**Record excerpts:**

------------------------------------

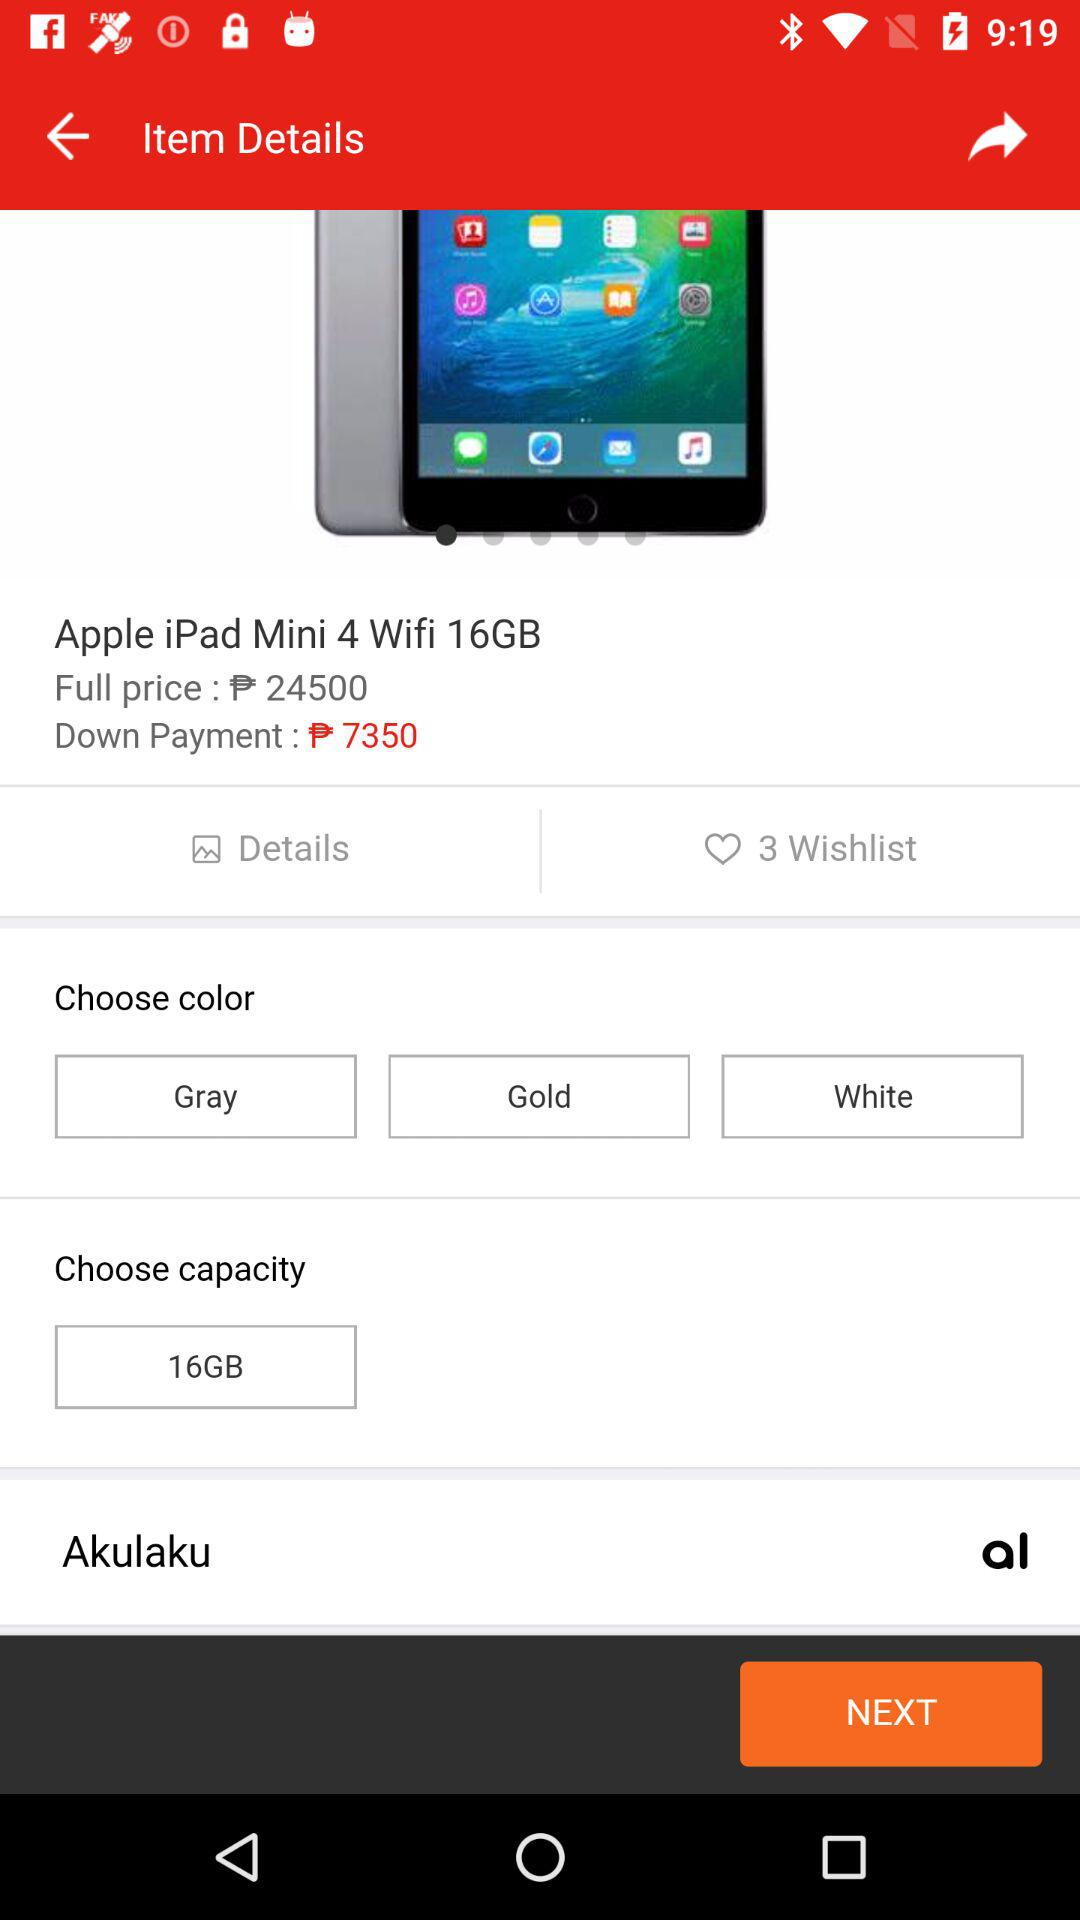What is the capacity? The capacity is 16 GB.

------------------------------------

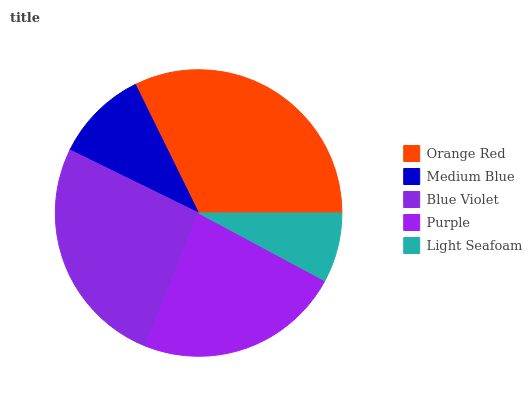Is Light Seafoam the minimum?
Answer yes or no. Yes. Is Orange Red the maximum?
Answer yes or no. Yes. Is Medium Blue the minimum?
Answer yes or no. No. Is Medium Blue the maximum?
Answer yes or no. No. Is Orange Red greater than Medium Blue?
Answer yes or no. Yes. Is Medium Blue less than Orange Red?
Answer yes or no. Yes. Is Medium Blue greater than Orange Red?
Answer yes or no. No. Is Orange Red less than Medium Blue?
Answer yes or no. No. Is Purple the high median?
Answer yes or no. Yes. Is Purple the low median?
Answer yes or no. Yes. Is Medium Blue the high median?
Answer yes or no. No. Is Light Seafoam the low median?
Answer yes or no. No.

------------------------------------

**Exercise instructions:** Scan the entries above and copy each line where "median" occurs.

**Answer below:**
Answer yes or no. No. Is Purple the high median?
Answer yes or no. Yes. Is Purple the low median?
Answer yes or no. Yes. Is Medium Blue the high median?
Answer yes or no. No. Is Light Seafoam the low median?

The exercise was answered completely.